On ED purchases in CA I always pay the sales tax and DMV registration fees upon re-delivery at the CA dealership. Why would I pay CA registration when the car is in Germany or on the water? Ditto on sales tax.

I haven't leased a car in CA so I don't know how that works.

dk


----------



## jsciv (Oct 5, 2010)

dkreidel said:


> On ED purchases in CA I always pay the sales tax and DMV registration fees upon re-delivery at the CA dealership. Why would I pay CA registration when the car is in Germany or on the water? Ditto on sales tax.


I don't buy cars often enough to know which I "should" do, but I guess I would look at that from the other side: why would I want to have to worry about paying more on redelivery when I can take care of everything at once? 

But I guess the answer to the OP's question is that it IS possible do do!


----------



## podge8 (Mar 18, 2002)

Thanks for the input everyone! I'm still a little confused as to what is required by law. The CA Board of Equalization website says that sales tax should be paid when the car is registered, which tells me that the dealer is not required to collect the taxes on an ED when the loan is signed (we are financing).

jsciv, as you said, it would be nice to take care of everything at the same time and roll the TTL into the loan. But it would be nice to save $800!
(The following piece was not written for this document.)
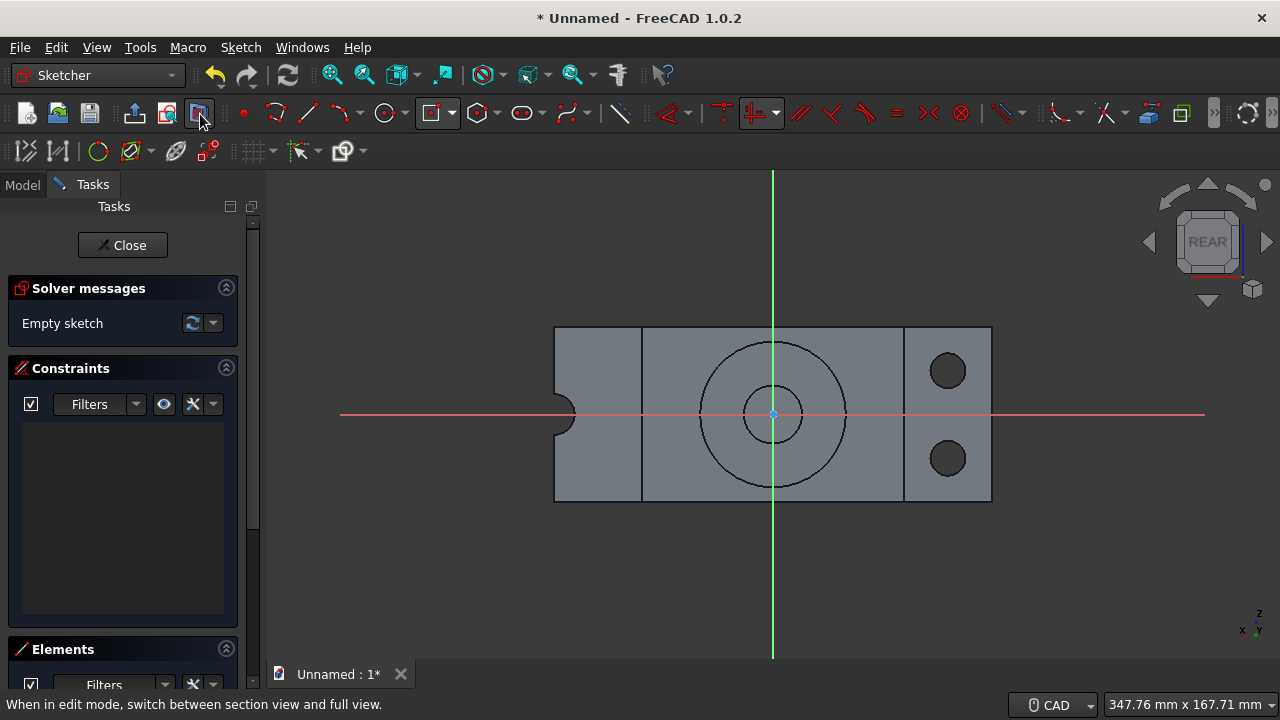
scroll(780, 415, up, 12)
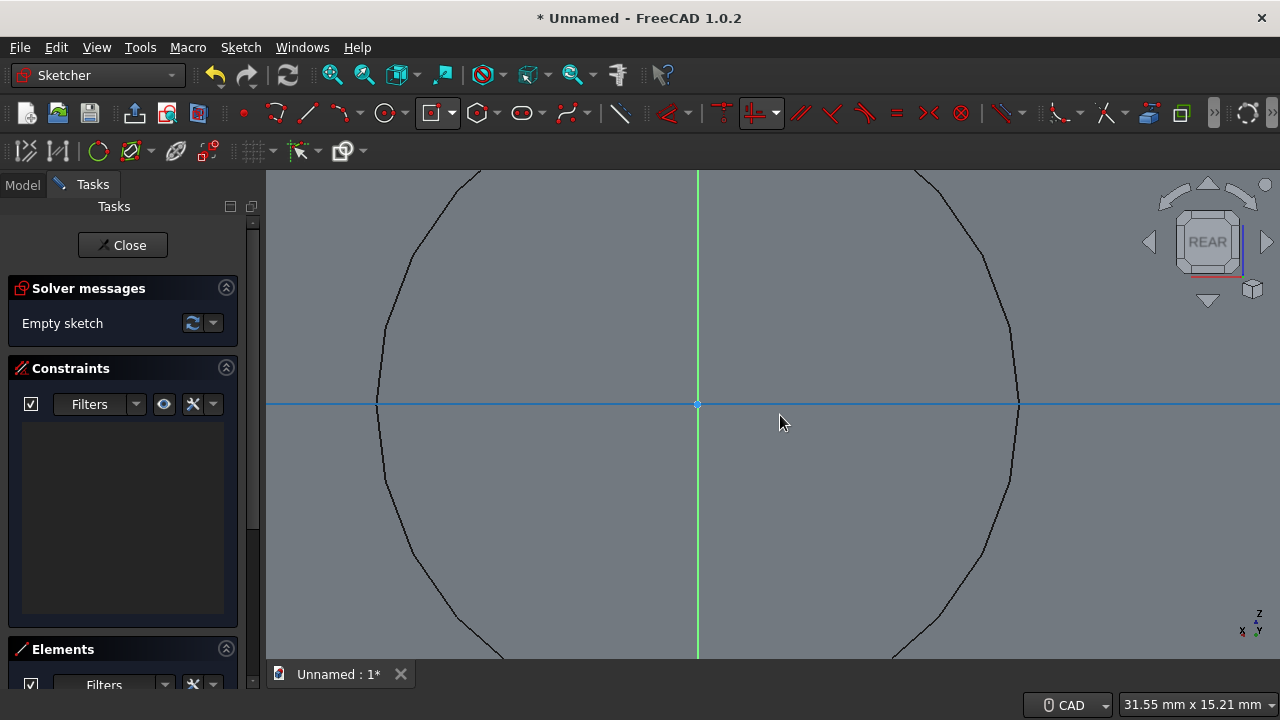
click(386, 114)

drkeidel, when you did this in the past, you paid for just the price of the car before you left for Germany, and then the dealer collected sales tax and registration upon redelivery? Was it a loan or did you pay cash?


----------



## pharding (Mar 14, 2004)

Your dealer should know. Ask them to register prior to the July 1 deadline.


----------



## chrischeung (Sep 1, 2002)

I'm not sure the dealer can legally do that without the MSO.


----------



## pharding (Mar 14, 2004)

chrischeung said:


> I'm not sure the dealer can legally do that without the MSO.


What is an MSO?


----------



## dkreidel (Aug 24, 2005)

podge8 said:


> dkreidel, when you did this in the past, you paid for just the price of the car before you left for Germany, and then the dealer collected sales tax and registration upon redelivery? Was it a loan or did you pay cash?


I've done it both ways: loan and cash. In both cases I paid the sales tax and CA registration in cash when the car was re-delivered to me at the dealer. If you want to pack the reg and sales tax in the loan then you will need to arrange this at the contract signing pre-Welt delivery.
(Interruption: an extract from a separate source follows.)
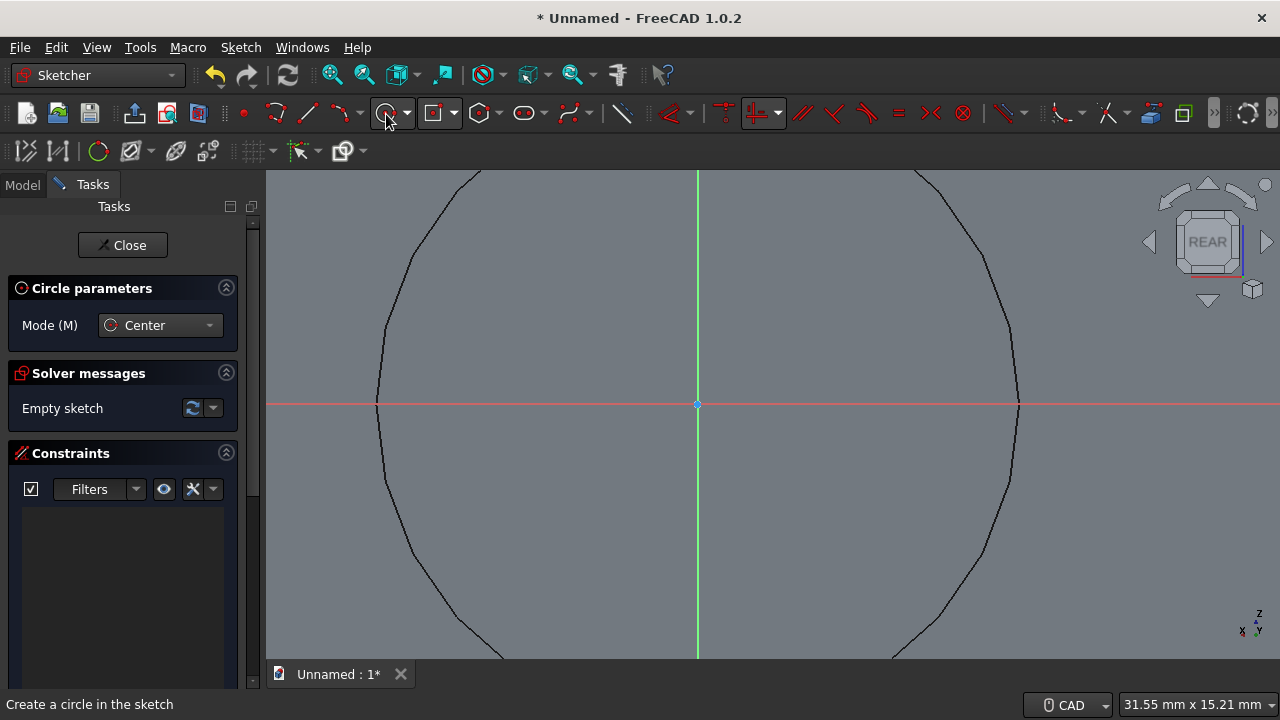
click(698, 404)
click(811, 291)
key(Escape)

A month driving in Europe plus at least 2 months enroute means you are paying the registration, tax and any interest on those items for 3 months with no tangible benefit.

MSO: Manufacturers Statement of Origin


----------



## beewang (Dec 18, 2001)

pharding said:


> What is an MSO?


Its your car's "Birth Certificate" Without it, you CANNOT register a car in US as you can't proof the ownership of the said vehicle.

http://en.wikipedia.org/wiki/Manufacturer’s_Certificate_of_Origin


----------



## beewang (Dec 18, 2001)

jsciv said:


> I don't buy cars often enough to know which I "should" do, but I guess I would look at that from the other side: why would I want to have to worry about paying more on redelivery when I can take care of everything at once?


Because:

1) You lose the use (or float) of the taxes (appx. 10% in CA) paid. For the 2~3 months before your car is re-delivered in CA.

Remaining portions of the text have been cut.